Challenge Authors use many words without definition. They are assumed to be known, which is true within a discipline but not when people cross over between computing. signal processing, automation, mathemaics, and other disciplines. Therefore it took me some time to triangulate several sources and pin down some core concepts. The briefint will focus on these.

## Feature Matching

In feature tracking, we use the time derivative to track each feature point once detected.

In feature matching, we compare images which are not necessarily related on the time axis. In other words, we need to compare features directly, and pair corresponding features in two independent images.

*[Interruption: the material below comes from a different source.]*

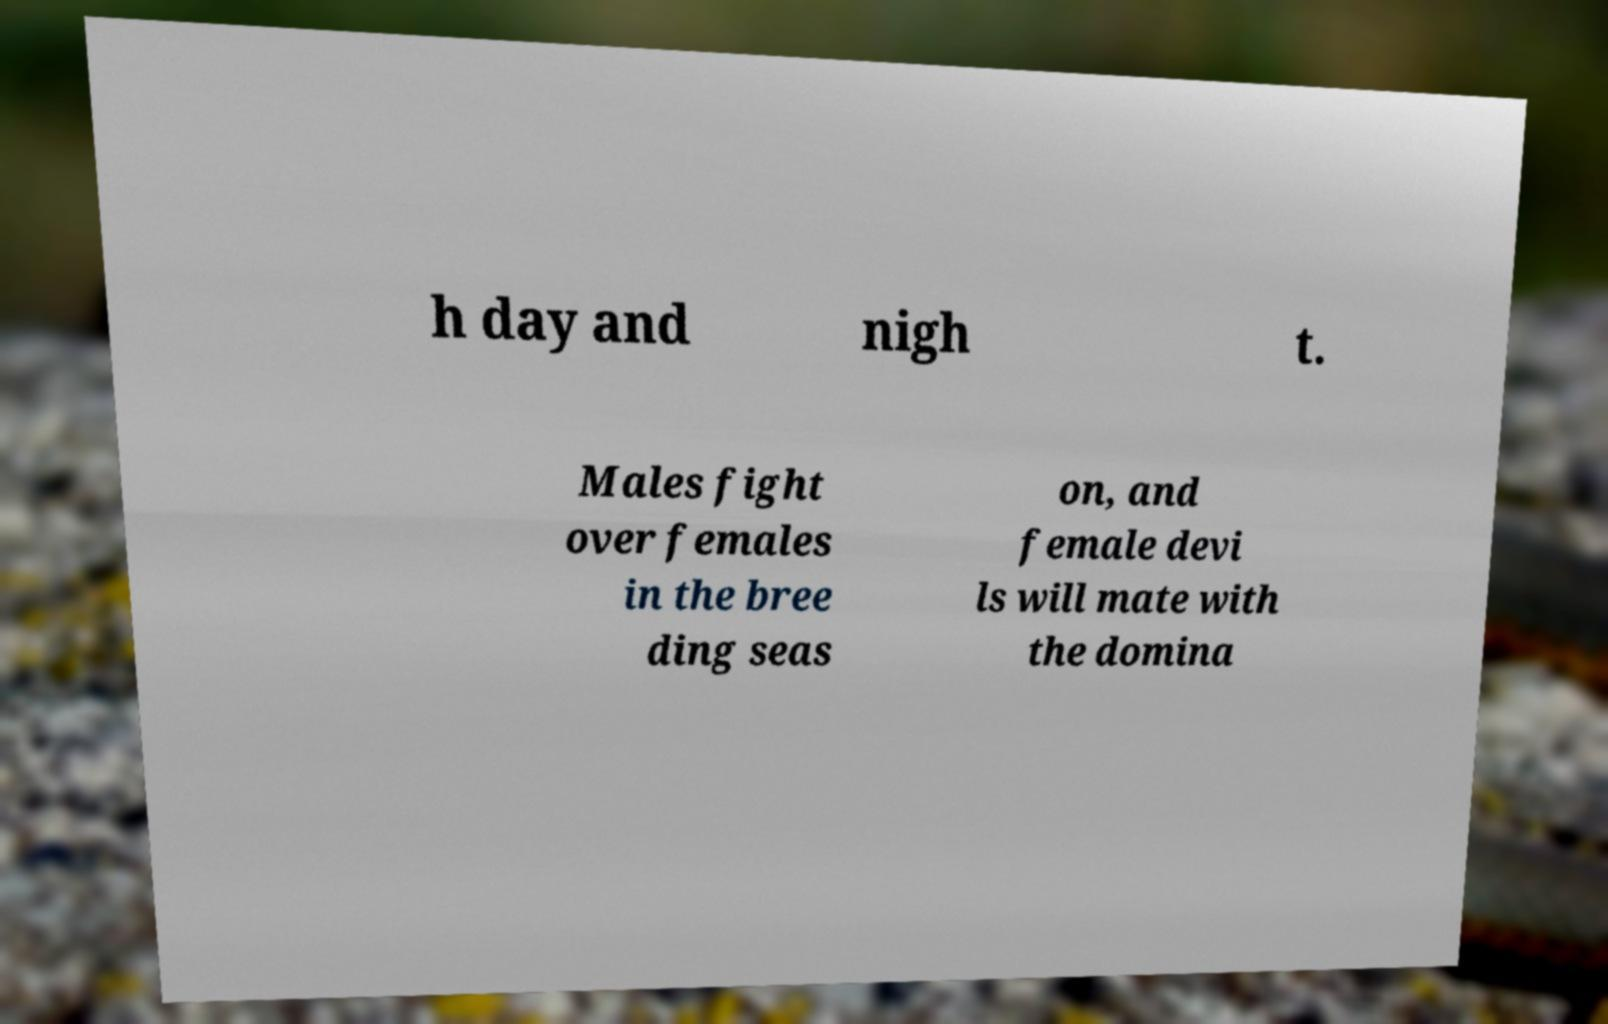Could you extract and type out the text from this image? h day and nigh t. Males fight over females in the bree ding seas on, and female devi ls will mate with the domina

To identify features, we use feature descriptors. One of the most popular descriptors is called SIFT - Scale Invariant Feature Transform.

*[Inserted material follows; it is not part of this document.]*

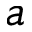Convert formula to latex. <formula><loc_0><loc_0><loc_500><loc_500>a</formula> 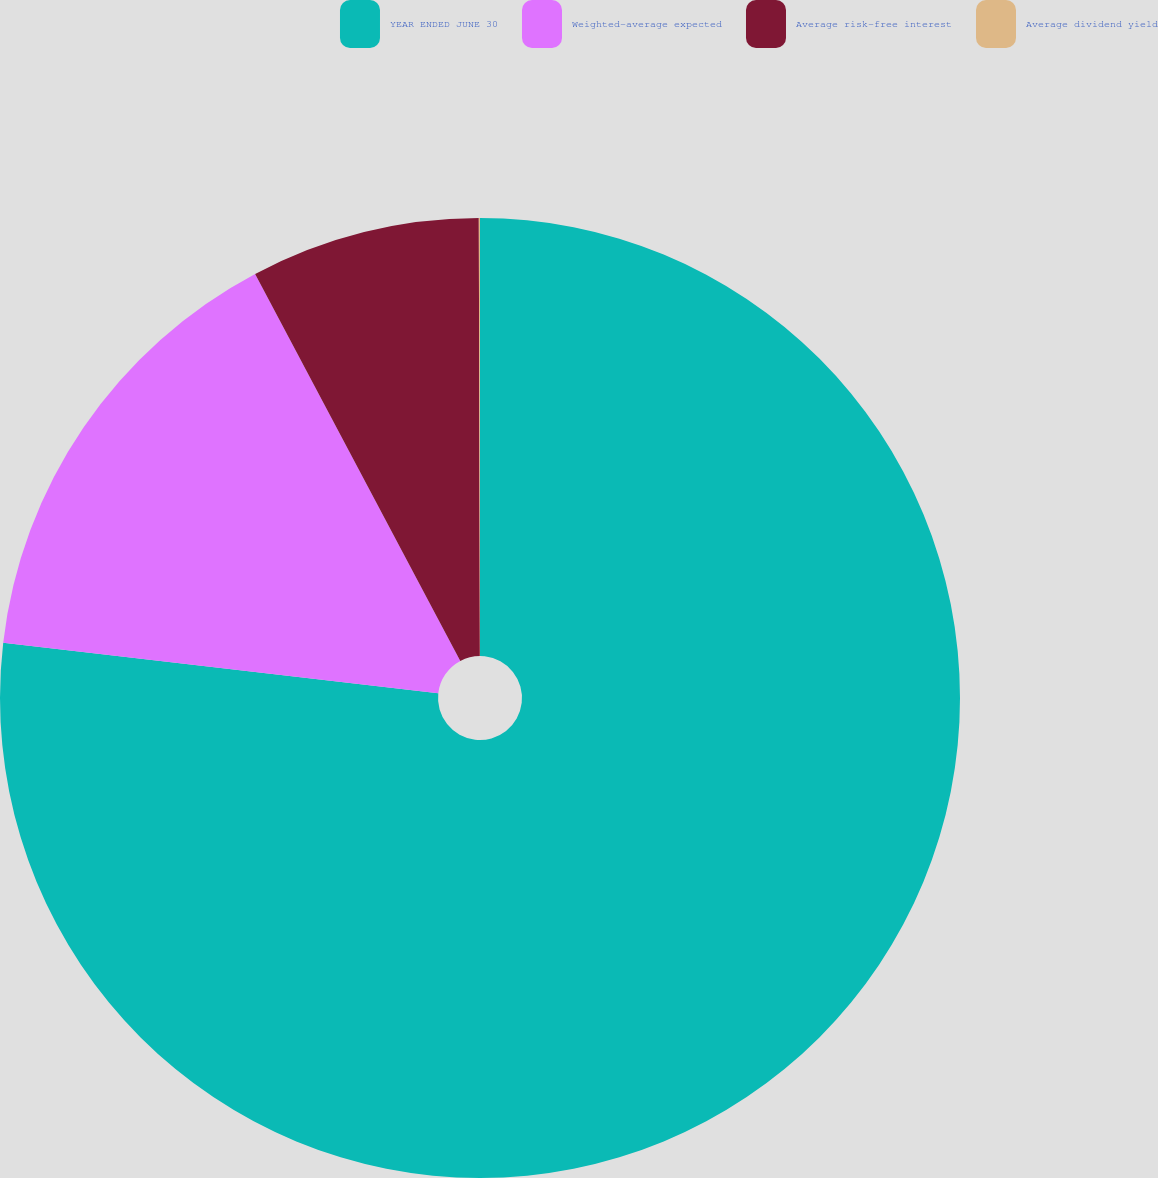<chart> <loc_0><loc_0><loc_500><loc_500><pie_chart><fcel>YEAR ENDED JUNE 30<fcel>Weighted-average expected<fcel>Average risk-free interest<fcel>Average dividend yield<nl><fcel>76.84%<fcel>15.4%<fcel>7.72%<fcel>0.04%<nl></chart>

Unfortunately, this is not described in the textbook. For details, one can refer to Szeliski (2022) textbook, Chapter

The principle used by SIFT is to gather statistics from the neighbourhood around the feature point, forming a vector which is used as an identifier.

When we move to Chapter 5 of Ma’s, we will use feature matching to triangulate points in 3D, and determine there depth, that is their distance from the cameras.

## The Laplacian

The Laplacian is commonly used in image processing, even if I have not seen it as often in the machine vision literature. The idea is to use the second order derivative, $\nabla^2I(x,y)$ This is commonly approximated by one of the filters $\begin{bmatrix} 0 & 1 & 0 \\ 1 & -4 & 1 \\ 0 & 1 & 0 \end{bmatrix} \quad\text{or}\quad \begin{bmatrix} 1 & 1 & 1 \\ 1 & -8 & 1 \\ 1 & 1 & 1 \end{bmatrix}$ To avoid the problems of the small window size, we typically combine the Laplacian with a blurring filter, usually a Gaussian. Thus we compute $E = L*G*I$ where $$I$$ is the image, $$L$$ the Laplacian, and $$G$$ the Gaussian. Because of the associativity of linear operations, we have $E = L*(G*I)=(L*G)*I$ In other words, we can precaulcualte the Laplacian of Gaussian (LoG) filter $$L*G$$ as one filter.

## Gaussian Scale Space

1. The image is a 2D matrix/signal $$I(x,y)$$.
2. When we smoothen this by a Gaussian, we take a Gaussian function $$G(x,y,\sigma)$$ for some standard deviation $$\sigma$$, and calculate the convolution $L(x,y,\sigma)=G(x,y,\sigma)*I(x,y)$
3. We can read this a 3D signal/tensor, i.e. we have a space in $$x$$, $$y$$, and $$\sigma$$ co-ordinates.
4. Calculate the difference of Gaussian images $D(x,y,\sigma) = L(x,y,k\sigma)- L(x,y,\sigma)= [G(x,y,k\sigma)-G(x,y,\sigma)]*I(x,y)$
5. This is also a tensor image.
6. Each pixel in the tensor has 26 immediate neighbours, that is, forming a cube of 27 pixels.

## Corner Detection

Lowe use two criteria to identify corners. Robust corners must satisfy both. Let the Hessian of the difference image be $H= \begin{bmatrix} D_{xx} & D_{xy} \\ D_{xy} & D_{yy} \end{bmatrix}$ Note that the Hessian is different from the matrix of differentials used in the Harris detector, but the logic is still similar. In both cases the eigenvectors show edges.

1. Select pixels which are maximal or minimal within their $$3\times3\times3$$ neighbourhood in scale space.
2. Reject pixels for which $$\mathsf{Tr}(H)^2/\mathsf{Det}(H)>10$$.

This does well in practice but is not as well founded theoretically as the Harris detector.

## Descriptors

1. Calculate the gradient in each pixel in a neighbourhood.
• Calculated in the same scale where the corner was detected.
3. Dominant orientation can serve as a descriptor.
4. Danger: small gradients make an unreliable descriptor.
5. Lowe (SIFT) uses a histogram of the orientations.

## Considerations

1. How many octaves?
2. How many sub-octaves?
3. What $$\sigma$$s do we use in the Gaussian?
4. How large neighbourhood do we use (SIFT uses $$16\times16$$?
5. What fall-off function do we use over the neigbourhood?
6. What bins do we use in the histogram?

There are so many steps in the SIFT calculations that implementations are likely to differ.